### Problem requirements
Exactly retype the lines below from the one containing "losses on interest<fcel>Less" through the end of the listing. Leave pictures out.

### Records supplied
== Segment start ==

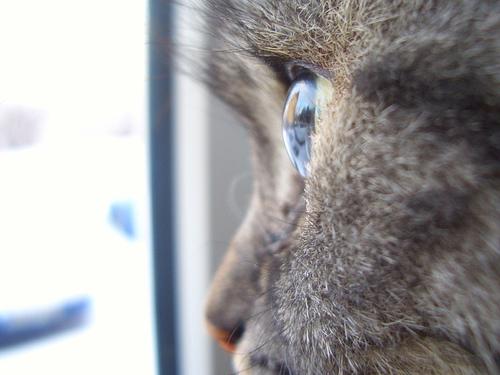What color is the cat's right eye?
Write a very short answer. Blue. Are there leaves?
Concise answer only. No. What kind of animal is this?
Short answer required. Cat. Is this a person?
Give a very brief answer. No. 
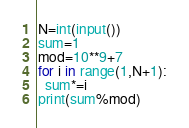Convert code to text. <code><loc_0><loc_0><loc_500><loc_500><_Python_>N=int(input())
sum=1
mod=10**9+7
for i in range(1,N+1):
  sum*=i
print(sum%mod)</code> 
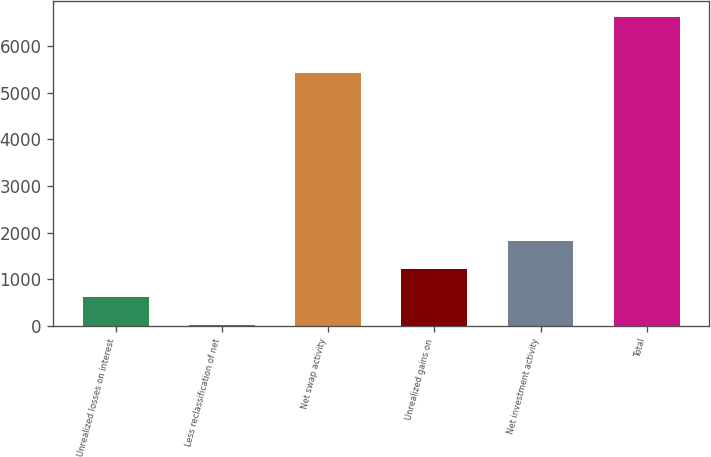Convert chart. <chart><loc_0><loc_0><loc_500><loc_500><bar_chart><fcel>Unrealized losses on interest<fcel>Less reclassification of net<fcel>Net swap activity<fcel>Unrealized gains on<fcel>Net investment activity<fcel>Total<nl><fcel>616.8<fcel>13<fcel>5423<fcel>1220.6<fcel>1824.4<fcel>6630.6<nl></chart> 
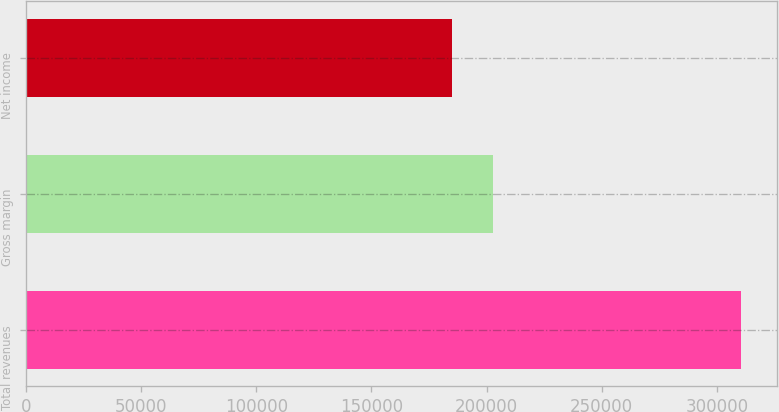Convert chart to OTSL. <chart><loc_0><loc_0><loc_500><loc_500><bar_chart><fcel>Total revenues<fcel>Gross margin<fcel>Net income<nl><fcel>310558<fcel>202788<fcel>185027<nl></chart>

== Segment end ==

### Exercise solution
Convert chart. <chart><loc_0><loc_0><loc_500><loc_500><bar_chart><fcel>Unrealized losses on interest<fcel>Less reclassification of net<fcel>Net swap activity<fcel>Unrealized gains on<fcel>Net investment activity<fcel>Total<nl><fcel>616.8<fcel>13<fcel>5423<fcel>1220.6<fcel>1824.4<fcel>6630.6<nl></chart> 
Convert chart to OTSL. <chart><loc_0><loc_0><loc_500><loc_500><bar_chart><fcel>Total revenues<fcel>Gross margin<fcel>Net income<nl><fcel>310558<fcel>202788<fcel>185027<nl></chart>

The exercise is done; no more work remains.